- [Required action] The expected output is the complete data, reproduced exactly.

(Data extract begins)

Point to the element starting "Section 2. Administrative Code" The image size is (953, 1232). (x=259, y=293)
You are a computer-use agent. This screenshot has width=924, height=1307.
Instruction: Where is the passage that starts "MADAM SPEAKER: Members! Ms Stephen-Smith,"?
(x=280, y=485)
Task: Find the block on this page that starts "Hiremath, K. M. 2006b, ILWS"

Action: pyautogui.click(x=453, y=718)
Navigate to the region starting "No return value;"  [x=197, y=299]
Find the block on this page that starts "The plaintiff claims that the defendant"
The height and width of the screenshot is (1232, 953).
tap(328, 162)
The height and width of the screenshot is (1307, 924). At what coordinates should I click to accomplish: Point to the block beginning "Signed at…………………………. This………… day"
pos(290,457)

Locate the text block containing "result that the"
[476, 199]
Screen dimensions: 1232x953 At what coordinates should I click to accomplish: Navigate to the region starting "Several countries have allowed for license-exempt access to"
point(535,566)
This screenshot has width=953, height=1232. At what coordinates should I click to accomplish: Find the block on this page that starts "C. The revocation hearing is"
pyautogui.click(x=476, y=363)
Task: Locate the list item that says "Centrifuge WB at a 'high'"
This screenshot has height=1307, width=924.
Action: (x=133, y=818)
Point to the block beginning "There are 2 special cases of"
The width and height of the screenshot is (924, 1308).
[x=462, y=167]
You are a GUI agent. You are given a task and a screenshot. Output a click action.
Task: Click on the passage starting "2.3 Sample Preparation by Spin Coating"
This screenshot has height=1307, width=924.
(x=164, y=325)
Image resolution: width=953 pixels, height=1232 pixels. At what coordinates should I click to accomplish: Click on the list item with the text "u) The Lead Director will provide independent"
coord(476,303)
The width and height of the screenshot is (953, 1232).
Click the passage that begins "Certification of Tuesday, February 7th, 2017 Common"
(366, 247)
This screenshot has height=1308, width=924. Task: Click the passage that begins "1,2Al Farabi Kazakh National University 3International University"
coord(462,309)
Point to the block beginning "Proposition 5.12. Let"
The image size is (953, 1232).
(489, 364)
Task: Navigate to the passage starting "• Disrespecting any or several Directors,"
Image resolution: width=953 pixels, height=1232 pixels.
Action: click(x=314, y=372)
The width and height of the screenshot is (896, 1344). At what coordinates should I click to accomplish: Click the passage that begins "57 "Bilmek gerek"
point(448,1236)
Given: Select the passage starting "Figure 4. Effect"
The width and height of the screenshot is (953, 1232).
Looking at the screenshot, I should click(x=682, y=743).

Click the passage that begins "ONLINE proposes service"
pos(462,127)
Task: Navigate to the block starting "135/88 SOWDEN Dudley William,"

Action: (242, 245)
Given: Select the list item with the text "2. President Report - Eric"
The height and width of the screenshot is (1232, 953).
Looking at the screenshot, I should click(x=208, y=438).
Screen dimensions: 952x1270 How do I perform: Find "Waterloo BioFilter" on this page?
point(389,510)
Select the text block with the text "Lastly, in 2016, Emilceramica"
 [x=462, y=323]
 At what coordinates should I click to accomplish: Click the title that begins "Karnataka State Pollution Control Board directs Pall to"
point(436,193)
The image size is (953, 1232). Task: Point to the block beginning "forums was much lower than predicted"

(Data extract ends)

- [Your solution]
Point to the element starting "Section 2. Administrative Code" The image size is (953, 1232). (x=259, y=293)
You are a computer-use agent. This screenshot has width=924, height=1307.
Instruction: Where is the passage that starts "MADAM SPEAKER: Members! Ms Stephen-Smith,"?
(x=280, y=485)
Task: Find the block on this page that starts "Hiremath, K. M. 2006b, ILWS"

Action: pyautogui.click(x=453, y=718)
Navigate to the region starting "No return value;"  [x=197, y=299]
Find the block on this page that starts "The plaintiff claims that the defendant"
The height and width of the screenshot is (1232, 953).
tap(328, 162)
The height and width of the screenshot is (1307, 924). At what coordinates should I click to accomplish: Point to the block beginning "Signed at…………………………. This………… day"
pos(290,457)

Locate the text block containing "result that the"
[476, 199]
Screen dimensions: 1232x953 At what coordinates should I click to accomplish: Navigate to the region starting "Several countries have allowed for license-exempt access to"
point(535,566)
This screenshot has width=953, height=1232. At what coordinates should I click to accomplish: Find the block on this page that starts "C. The revocation hearing is"
pyautogui.click(x=476, y=363)
Task: Locate the list item that says "Centrifuge WB at a 'high'"
This screenshot has height=1307, width=924.
Action: (x=133, y=818)
Point to the block beginning "There are 2 special cases of"
The width and height of the screenshot is (924, 1308).
[x=462, y=167]
You are a GUI agent. You are given a task and a screenshot. Output a click action.
Task: Click on the passage starting "2.3 Sample Preparation by Spin Coating"
This screenshot has height=1307, width=924.
(x=164, y=325)
Image resolution: width=953 pixels, height=1232 pixels. At what coordinates should I click to accomplish: Click on the list item with the text "u) The Lead Director will provide independent"
coord(476,303)
The width and height of the screenshot is (953, 1232).
Click the passage that begins "Certification of Tuesday, February 7th, 2017 Common"
(366, 247)
This screenshot has height=1308, width=924. Task: Click the passage that begins "1,2Al Farabi Kazakh National University 3International University"
coord(462,309)
Point to the block beginning "Proposition 5.12. Let"
The image size is (953, 1232).
(489, 364)
Task: Navigate to the passage starting "• Disrespecting any or several Directors,"
Image resolution: width=953 pixels, height=1232 pixels.
Action: click(x=314, y=372)
The width and height of the screenshot is (896, 1344). At what coordinates should I click to accomplish: Click the passage that begins "57 "Bilmek gerek"
point(448,1236)
Given: Select the passage starting "Figure 4. Effect"
The width and height of the screenshot is (953, 1232).
Looking at the screenshot, I should click(x=682, y=743).

Click the passage that begins "ONLINE proposes service"
pos(462,127)
Task: Navigate to the block starting "135/88 SOWDEN Dudley William,"

Action: (242, 245)
Given: Select the list item with the text "2. President Report - Eric"
The height and width of the screenshot is (1232, 953).
Looking at the screenshot, I should click(x=208, y=438).
Screen dimensions: 952x1270 How do I perform: Find "Waterloo BioFilter" on this page?
point(389,510)
Select the text block with the text "Lastly, in 2016, Emilceramica"
 [x=462, y=323]
 At what coordinates should I click to accomplish: Click the title that begins "Karnataka State Pollution Control Board directs Pall to"
point(436,193)
The image size is (953, 1232). Task: Point to the block beginning "forums was much lower than predicted"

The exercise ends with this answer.